• Problem to solve
Return each line of the data below exactly, omitting any pictures.

Dataset entries

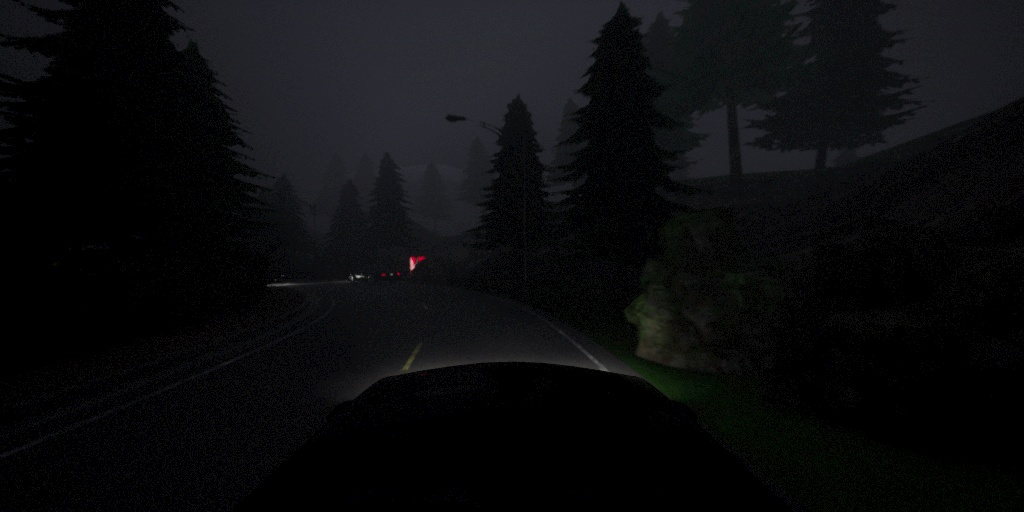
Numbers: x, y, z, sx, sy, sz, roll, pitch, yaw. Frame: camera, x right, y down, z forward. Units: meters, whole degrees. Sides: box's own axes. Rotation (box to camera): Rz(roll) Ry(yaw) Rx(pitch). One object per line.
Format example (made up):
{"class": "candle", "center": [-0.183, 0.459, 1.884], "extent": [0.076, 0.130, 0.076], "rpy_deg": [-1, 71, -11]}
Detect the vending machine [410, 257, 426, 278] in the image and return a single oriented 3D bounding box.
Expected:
{"class": "vending machine", "center": [-7.803, 1.035, 29.825], "extent": [0.880, 2.100, 1.100], "rpy_deg": [0, 0, 41]}

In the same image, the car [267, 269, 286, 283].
{"class": "car", "center": [-21.065, 1.528, 29.273], "extent": [5.357, 1.411, 2.033], "rpy_deg": [-1, 0, 23]}

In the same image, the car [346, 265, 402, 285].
{"class": "car", "center": [-10.810, 1.418, 27.942], "extent": [5.357, 1.411, 2.033], "rpy_deg": [-1, 0, 39]}
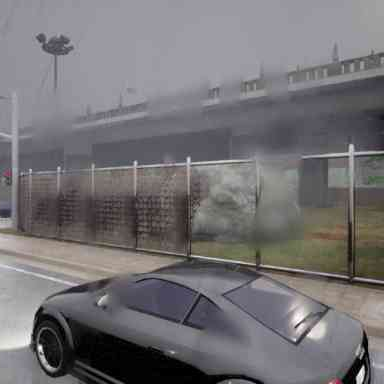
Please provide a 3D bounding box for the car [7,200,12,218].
[{"bbox_3d":[-15.431,1.408,27.985,2.097,1.767,4.553,0,0,36],"label":"car"}]

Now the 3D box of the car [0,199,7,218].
[{"bbox_3d":[-7.826,1.221,9.543,5.566,2.045,2.150,0,0,36],"label":"car"}]

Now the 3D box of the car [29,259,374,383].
[{"bbox_3d":[-0.146,1.564,4.094,4.181,1.385,1.994,0,0,36],"label":"car"}]

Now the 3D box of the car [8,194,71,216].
[{"bbox_3d":[-15.513,1.277,34.198,2.150,2.045,5.566,0,0,35],"label":"car"}]

• Task response
Numbers: x, y, z, sx, sy, sz, roll, pitch, yaw. Frame: camera, x right, y down, z forward. Units: meters, whole degrees. Sides: box's own axes. Rotation (box to camera): Rz(roll) Ry(yaw) Rx(pitch). One object per line.
Format example (made up):
{"class": "candle", "center": [-0.183, 0.459, 1.884], "extent": [0.076, 0.130, 0.076], "rpy_deg": [-1, 71, -11]}
Detect the vending machine [410, 257, 426, 278] in the image and return a single oriented 3D bounding box.
Expected:
{"class": "vending machine", "center": [-7.803, 1.035, 29.825], "extent": [0.880, 2.100, 1.100], "rpy_deg": [0, 0, 41]}

In the same image, the car [267, 269, 286, 283].
{"class": "car", "center": [-21.065, 1.528, 29.273], "extent": [5.357, 1.411, 2.033], "rpy_deg": [-1, 0, 23]}

In the same image, the car [346, 265, 402, 285].
{"class": "car", "center": [-10.810, 1.418, 27.942], "extent": [5.357, 1.411, 2.033], "rpy_deg": [-1, 0, 39]}
Please provide a 3D bounding box for the car [7,200,12,218].
[{"bbox_3d":[-15.431,1.408,27.985,2.097,1.767,4.553,0,0,36],"label":"car"}]

Now the 3D box of the car [0,199,7,218].
[{"bbox_3d":[-7.826,1.221,9.543,5.566,2.045,2.150,0,0,36],"label":"car"}]

Now the 3D box of the car [29,259,374,383].
[{"bbox_3d":[-0.146,1.564,4.094,4.181,1.385,1.994,0,0,36],"label":"car"}]

Now the 3D box of the car [8,194,71,216].
[{"bbox_3d":[-15.513,1.277,34.198,2.150,2.045,5.566,0,0,35],"label":"car"}]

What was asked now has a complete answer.